Stefan Köster, NPD spokesman for family affairs, explained the desperate need to increase birth rates among native Germans as high immigration rates, low fertility and emigration has wreaked havoc on the demographic.
He stressed that healthy families were the very foundation of a society. All of Europe’s wealth stems from the real diversity of different peoples in their respective nations, he said. Laughing children have sadly become a rarity in Germany as the country now has the lowest birth rate in the world. Köster warned that no amount of consumption and materialism could ever replace the joy of children.
He explained that if current trends were to continue, native Germans could become a minority in major cities within decades. London has already broken that barrier as native Britons are outnumbered in their own city.
But throughout his speech Köster was mocked, heckled and interrupted with insults like “Nazi” or “racist”. Liberal politicians, like Stefanie von Berg, openly celebrated the demise of native Germans.
By 2030, one third of the native population of Germany will be older than 65, and half of all children born in Germany will be from a migrant family.
The NPD outlined the grave necessity of reversing this trend to avoid Germans losing their homeland and future to foreigners, but the proposal to ensure the continuation of the German people were met with a resounding and unanimous rejection by all parties.

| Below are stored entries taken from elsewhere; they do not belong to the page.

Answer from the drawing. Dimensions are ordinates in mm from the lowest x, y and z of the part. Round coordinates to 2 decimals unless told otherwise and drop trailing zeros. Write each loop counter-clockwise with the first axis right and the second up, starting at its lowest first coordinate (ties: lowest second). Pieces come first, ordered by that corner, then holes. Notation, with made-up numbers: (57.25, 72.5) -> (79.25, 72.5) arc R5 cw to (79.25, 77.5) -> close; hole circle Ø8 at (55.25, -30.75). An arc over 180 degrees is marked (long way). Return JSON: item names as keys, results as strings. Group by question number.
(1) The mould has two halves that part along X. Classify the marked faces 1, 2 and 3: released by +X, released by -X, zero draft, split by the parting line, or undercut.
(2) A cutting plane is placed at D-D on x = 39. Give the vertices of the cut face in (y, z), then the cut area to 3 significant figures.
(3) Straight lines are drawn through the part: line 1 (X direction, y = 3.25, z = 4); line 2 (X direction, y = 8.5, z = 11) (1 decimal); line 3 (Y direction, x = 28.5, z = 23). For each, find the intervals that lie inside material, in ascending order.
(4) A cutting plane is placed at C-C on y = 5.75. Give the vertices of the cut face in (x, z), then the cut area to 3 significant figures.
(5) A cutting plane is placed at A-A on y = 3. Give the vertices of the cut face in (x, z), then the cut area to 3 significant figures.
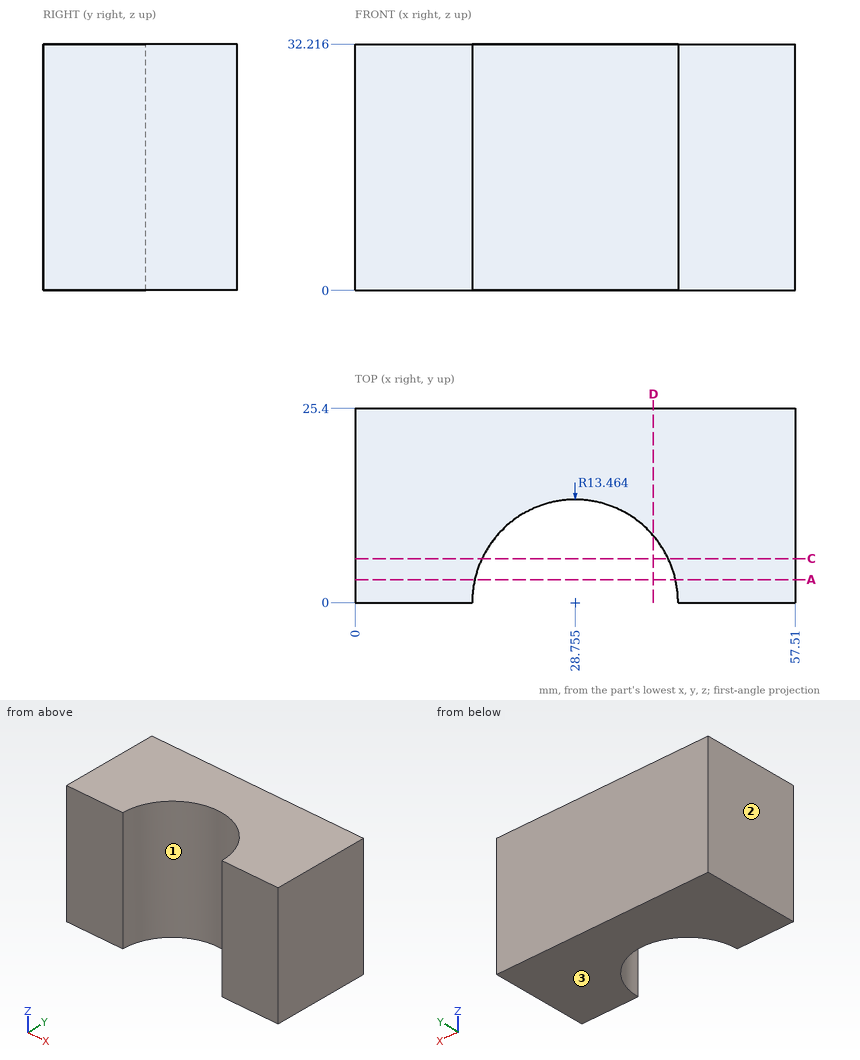
Checks:
{
 "1": {"face 1": "undercut", "face 2": "released by -X", "face 3": "zero draft"},
 "2": {"outline": "(8.74, 0) -> (25.4, 0) -> (25.4, 32.22) -> (8.74, 32.22) -> close", "area": "537 mm^2"},
 "3": {"line 1": "x = 0 to 15.69, 41.82 to 57.51", "line 2": "x = 0 to 18.3, 39.2 to 57.5", "line 3": "y = 13.46 to 25.4"},
 "4": {"outline": "(0, 0) -> (16.58, 0) -> (16.58, 32.22) -> (0, 32.22) -> close; (40.93, 0) -> (57.51, 0) -> (57.51, 32.22) -> (40.93, 32.22) -> close", "area": "1,070 mm^2"},
 "5": {"outline": "(0, 0) -> (15.63, 0) -> (15.63, 32.22) -> (0, 32.22) -> close; (41.88, 0) -> (57.51, 0) -> (57.51, 32.22) -> (41.88, 32.22) -> close", "area": "1,010 mm^2"}
}
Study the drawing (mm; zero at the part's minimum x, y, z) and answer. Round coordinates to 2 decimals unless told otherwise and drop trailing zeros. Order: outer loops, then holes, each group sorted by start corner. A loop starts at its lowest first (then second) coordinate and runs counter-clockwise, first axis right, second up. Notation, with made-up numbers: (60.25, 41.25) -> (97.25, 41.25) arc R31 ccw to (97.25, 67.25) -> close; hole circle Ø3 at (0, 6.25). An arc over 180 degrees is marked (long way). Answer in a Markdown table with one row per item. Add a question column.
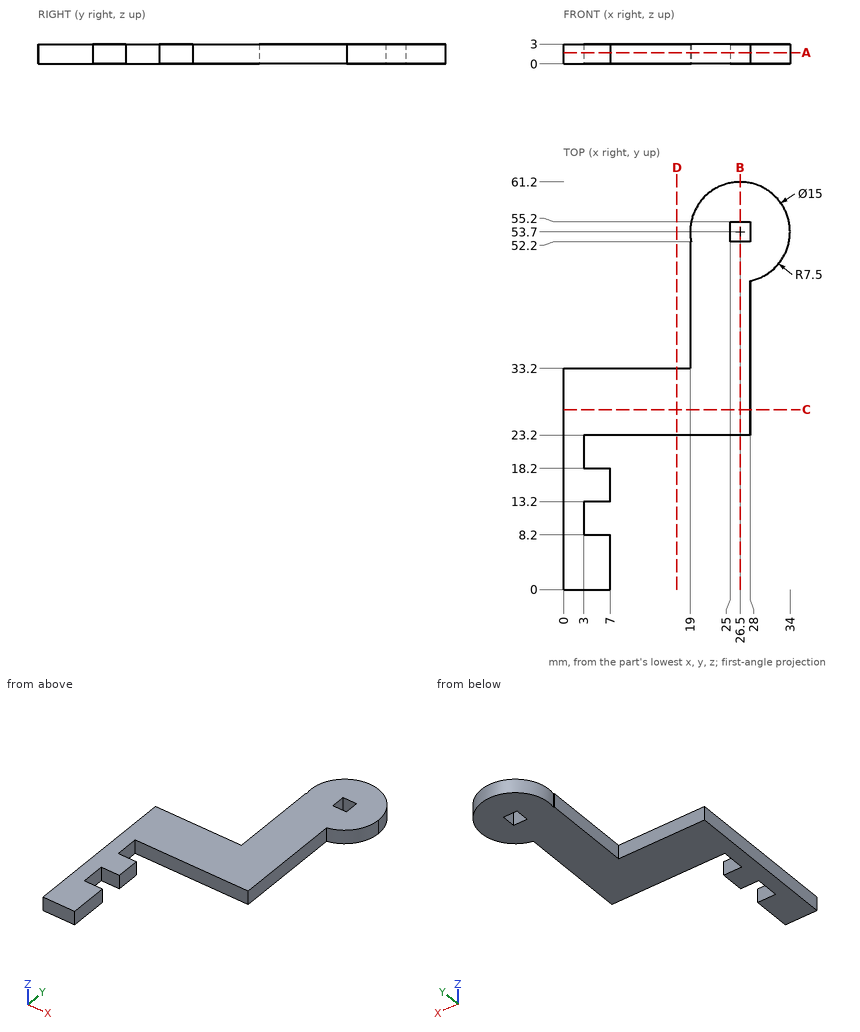
Item 1: The part is cut by section D-D, the plane x = 17. Give the vertices of the cut face in (y, z).
Item 2: The part is cut by section C-C, the plane y = 27. Give the vertices of the cut face in (x, z), and give its area (3 significant figures).
Item 3: Find the intervals of material crossed by probe 1 along Y at (x, z) = (26.5, 2); probe 2 along X at (y, z) = (5, 1.6); probe 3 along X at (y, z) = (12.5, 2.8), in increasing order. Write a range as [from, to].
Item 4: Flat-ended cylindrical pins translate along their axes: P1, Ø1.5, axis at y = 10.5, z = 2, coming from the +X side; P2, Ø0.9, axis at y = 16.5, z = 2, coming from the +X side; P3, Ø1.5, axis at y = 43, z = 0.5, coming from the +X side. Find the tip coordinate at first contact, or state that the pin passes through.
Item 5: The part is cut by section A-A, the plane z = 1.7. Give the vertices of the cut face in (x, y), and give its area (3 significant figures).
Item 6: The part is cut by section B-B, the plane x = 26.5. Give the vertices of the cut face in (y, z).
Resolved:
| question | item | result |
|---|---|---|
| 1 | outline | (23.2, 0) -> (33.2, 0) -> (33.2, 3) -> (23.2, 3) -> close |
| 2 | outline | (0, 0) -> (28, 0) -> (28, 3) -> (0, 3) -> close |
| 2 | area | 84.0 mm2 |
| 3 | probe 1 | [23.2, 52.2], [55.2, 61.2] |
| 3 | probe 2 | [0, 7] |
| 3 | probe 3 | [0, 3] |
| 4 | P1 | x = 3 |
| 4 | P2 | x = 7 |
| 4 | P3 | x = 28 |
| 5 | outline | (0, 0) -> (7, 0) -> (7, 8.2) -> (3, 8.2) -> (3, 13.2) -> (7, 13.2) -> (7, 18.2) -> (3, 18.2) -> (3, 23.2) -> (28, 23.2) -> (28, 46.35) arc R7.5 ccw (long way) to (19.15, 52.2) -> (19, 52.2) -> (19, 33.2) -> (0, 33.2) -> close; hole (25, 52.2) -> (28, 52.2) -> (28, 55.2) -> (25, 55.2) -> close |
| 5 | area | 699 mm2 |
| 6 | outline | (23.2, 0) -> (52.2, 0) -> (52.2, 3) -> (23.2, 3) -> close; (55.2, 0) -> (61.2, 0) -> (61.2, 3) -> (55.2, 3) -> close |

A speaker for the Social Democrats explicitly stated in a rebuttal that all democratic parties show nothing but utter contempt for the proposal and will unite to make sure nothing like this will ever pass into legislation.

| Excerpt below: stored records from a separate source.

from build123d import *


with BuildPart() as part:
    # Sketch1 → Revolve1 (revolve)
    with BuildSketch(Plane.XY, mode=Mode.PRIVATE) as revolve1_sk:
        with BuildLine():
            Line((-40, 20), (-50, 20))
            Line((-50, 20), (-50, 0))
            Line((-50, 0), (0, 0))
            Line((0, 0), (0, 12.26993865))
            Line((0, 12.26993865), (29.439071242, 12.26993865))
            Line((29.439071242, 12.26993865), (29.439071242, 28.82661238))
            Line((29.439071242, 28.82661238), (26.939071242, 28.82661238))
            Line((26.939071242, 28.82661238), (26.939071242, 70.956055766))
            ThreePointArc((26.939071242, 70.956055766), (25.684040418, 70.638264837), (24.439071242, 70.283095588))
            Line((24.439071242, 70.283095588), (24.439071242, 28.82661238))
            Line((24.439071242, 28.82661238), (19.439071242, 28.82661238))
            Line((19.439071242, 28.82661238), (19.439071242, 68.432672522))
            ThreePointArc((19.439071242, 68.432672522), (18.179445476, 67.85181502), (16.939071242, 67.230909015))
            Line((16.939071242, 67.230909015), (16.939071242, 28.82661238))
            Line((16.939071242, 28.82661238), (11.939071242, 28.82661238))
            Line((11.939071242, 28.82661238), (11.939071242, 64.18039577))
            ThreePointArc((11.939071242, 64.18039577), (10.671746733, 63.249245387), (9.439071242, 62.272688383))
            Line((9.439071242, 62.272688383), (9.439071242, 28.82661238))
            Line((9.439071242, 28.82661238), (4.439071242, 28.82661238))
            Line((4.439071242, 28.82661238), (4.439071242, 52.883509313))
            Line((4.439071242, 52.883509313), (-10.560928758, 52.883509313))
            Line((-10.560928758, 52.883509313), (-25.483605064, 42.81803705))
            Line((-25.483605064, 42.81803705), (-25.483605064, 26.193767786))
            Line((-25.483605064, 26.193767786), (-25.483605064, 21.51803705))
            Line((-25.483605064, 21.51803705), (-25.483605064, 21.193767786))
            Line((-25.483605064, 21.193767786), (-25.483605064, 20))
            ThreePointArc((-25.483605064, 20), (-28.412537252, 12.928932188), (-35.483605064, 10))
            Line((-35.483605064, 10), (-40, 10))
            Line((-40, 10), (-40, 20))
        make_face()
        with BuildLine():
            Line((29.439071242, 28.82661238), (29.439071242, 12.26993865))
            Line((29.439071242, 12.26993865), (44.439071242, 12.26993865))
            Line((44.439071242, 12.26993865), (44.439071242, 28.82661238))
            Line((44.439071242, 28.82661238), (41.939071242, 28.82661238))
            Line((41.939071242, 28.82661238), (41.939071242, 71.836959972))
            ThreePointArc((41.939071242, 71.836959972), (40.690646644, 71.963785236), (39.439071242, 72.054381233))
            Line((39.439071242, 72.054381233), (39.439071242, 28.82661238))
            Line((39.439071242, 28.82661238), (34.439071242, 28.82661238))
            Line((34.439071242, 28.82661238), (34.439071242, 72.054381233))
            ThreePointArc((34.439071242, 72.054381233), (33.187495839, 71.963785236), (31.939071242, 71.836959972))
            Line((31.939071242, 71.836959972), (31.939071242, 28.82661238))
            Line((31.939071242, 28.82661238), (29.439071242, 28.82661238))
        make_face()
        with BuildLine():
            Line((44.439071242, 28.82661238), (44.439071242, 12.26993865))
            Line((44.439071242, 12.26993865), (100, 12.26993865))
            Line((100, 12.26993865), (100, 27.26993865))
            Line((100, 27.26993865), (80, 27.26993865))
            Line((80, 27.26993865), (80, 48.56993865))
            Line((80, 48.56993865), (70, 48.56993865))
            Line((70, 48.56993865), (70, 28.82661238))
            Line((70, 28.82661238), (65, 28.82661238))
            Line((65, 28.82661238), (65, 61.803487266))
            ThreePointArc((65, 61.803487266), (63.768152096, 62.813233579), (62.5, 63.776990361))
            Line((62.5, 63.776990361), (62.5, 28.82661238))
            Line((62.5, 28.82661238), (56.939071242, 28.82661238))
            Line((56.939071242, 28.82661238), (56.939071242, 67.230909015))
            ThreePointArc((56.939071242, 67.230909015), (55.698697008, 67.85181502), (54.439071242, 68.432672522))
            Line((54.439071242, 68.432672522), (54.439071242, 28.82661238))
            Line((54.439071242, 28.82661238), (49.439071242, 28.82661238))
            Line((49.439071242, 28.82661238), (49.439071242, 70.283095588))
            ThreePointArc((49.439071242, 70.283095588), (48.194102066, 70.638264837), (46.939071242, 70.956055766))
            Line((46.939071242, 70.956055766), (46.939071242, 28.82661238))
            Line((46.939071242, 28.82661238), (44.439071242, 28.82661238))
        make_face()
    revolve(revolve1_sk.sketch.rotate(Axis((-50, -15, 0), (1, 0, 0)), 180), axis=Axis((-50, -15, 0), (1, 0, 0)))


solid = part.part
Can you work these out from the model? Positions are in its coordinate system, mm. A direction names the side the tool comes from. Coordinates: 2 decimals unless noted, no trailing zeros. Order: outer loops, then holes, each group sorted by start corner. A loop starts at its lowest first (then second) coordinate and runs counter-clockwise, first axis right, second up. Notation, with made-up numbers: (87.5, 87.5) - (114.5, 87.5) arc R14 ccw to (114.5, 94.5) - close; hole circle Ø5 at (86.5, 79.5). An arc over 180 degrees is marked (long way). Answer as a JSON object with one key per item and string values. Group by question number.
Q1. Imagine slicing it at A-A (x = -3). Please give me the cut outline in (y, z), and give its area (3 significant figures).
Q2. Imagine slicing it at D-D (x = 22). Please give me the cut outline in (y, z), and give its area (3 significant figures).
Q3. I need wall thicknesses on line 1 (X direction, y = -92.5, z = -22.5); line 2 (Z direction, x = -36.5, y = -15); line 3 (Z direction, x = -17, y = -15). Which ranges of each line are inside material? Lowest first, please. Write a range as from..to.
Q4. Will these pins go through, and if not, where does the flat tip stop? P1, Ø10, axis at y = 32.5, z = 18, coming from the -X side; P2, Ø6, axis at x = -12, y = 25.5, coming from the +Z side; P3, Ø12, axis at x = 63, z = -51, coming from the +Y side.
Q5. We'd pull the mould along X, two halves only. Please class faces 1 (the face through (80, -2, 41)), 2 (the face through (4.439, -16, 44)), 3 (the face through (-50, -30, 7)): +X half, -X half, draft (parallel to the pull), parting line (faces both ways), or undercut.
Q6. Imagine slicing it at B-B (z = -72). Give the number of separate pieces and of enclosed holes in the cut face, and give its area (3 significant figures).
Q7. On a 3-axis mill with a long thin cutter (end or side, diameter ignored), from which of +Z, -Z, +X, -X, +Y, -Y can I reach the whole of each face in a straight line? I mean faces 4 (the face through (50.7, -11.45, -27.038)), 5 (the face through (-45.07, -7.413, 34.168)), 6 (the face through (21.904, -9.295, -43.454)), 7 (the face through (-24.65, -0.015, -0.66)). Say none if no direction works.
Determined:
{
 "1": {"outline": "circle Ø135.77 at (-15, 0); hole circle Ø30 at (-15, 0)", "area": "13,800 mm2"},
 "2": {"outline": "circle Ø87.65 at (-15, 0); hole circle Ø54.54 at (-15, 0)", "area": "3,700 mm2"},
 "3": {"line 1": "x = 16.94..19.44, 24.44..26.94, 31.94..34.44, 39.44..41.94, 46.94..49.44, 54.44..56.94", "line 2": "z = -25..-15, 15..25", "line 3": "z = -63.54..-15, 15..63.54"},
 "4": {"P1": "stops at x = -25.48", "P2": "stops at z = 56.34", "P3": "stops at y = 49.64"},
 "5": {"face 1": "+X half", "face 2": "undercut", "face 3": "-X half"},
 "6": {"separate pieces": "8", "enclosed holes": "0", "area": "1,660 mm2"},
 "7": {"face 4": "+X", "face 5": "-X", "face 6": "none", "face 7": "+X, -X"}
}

According to the Social Democrats, the German people has caused nothing but death and destruction by causing two world wars and the mere suggestion of securing a future for German children in Germany is inherently racist, inhuman and a Nazi ideology.
According to the ruling parties, rather than funding German families, “all” families must receive financial support to avoid being racist. The lack of children among Germans has be equalized through mass immigration from Africa and the Middle East.
Now, after the disastrous performance of the NPD in the recent elections in Berlin and Mecklenburg-Pommerania, the party is threatening to implode and the demographic issue has been shoved to the back-burner.
The recent elections has led the NPD close to the political abyss. Especially the loss of the last remaining parliamentary fraction will be devastating for their funding. In contrast to the years between 2006 and 2011, when the NPD gained over five percent to cross the hurdle for parliamentary seats, the AfD drew the disaffected vote this time.
Because the 2013 federal election was the first fought by the AfD, Alternative for Germany, and after receiving 2 million votes to cross the threshold for party funding, it is expected to receive an estimated 1.3 to 1.5 million Euro per year of state subsidies.
According to calculations by Infratest dimap, some 20 000 NPD supporters have left the party for the AfD.
NPD party leaders had recognized the danger early on and declared themselves an “alternative to the alternative” – but in vain. Köster, regional chairman in Mecklenburg-Pommerania, spoke after the election of a “National Ex-parliamentary Opposition” (NAPO), but the suggestion met with little enthusiasm.
According to its interim electoral manifesto, the AfD too wants to reintroduce traditional family patterns. Die Tageszeitung called their objectives “old gender roles”.
AfD leader Frauke Petry has already drawn fierce criticism this year from anti-child mainstream politicians for pointing out that chancellor Angela Merkel lacks a future vision because she does not have children.
The AfD was founded in 2013 by economist Bernd Lucke, a former professor of macroeconomics at the University of Hamburg, along with lawyer and journalist Alexander Gauland and journalist Konrad Adam. It’s main focus then was opposing the European single currency and bailouts to poorer EU countries during the financial crisis and not family politics, but Lucke has since left the party.
The AfD, leftists fear, will now promote “nativism, authoritarianism, and populism”. Cas Mudde, researcher at Oslo University’s Centre for Research on Extremism, said the party was on course to embrace family values and a German identity and should be called “extremist” and “far-right” for that reason.
Following the 2014 European Parliament elections, on 12 June 2014 the AfD was accepted into the European Conservatives and Reformists (ECR) group in the European Parliament.
In February 2016, the AfD announced a closer cooperation with the right-wing populist party Freedom Party of Austria (FPÖ), which is a member of the Europe of Nations and Freedom (ENF) group.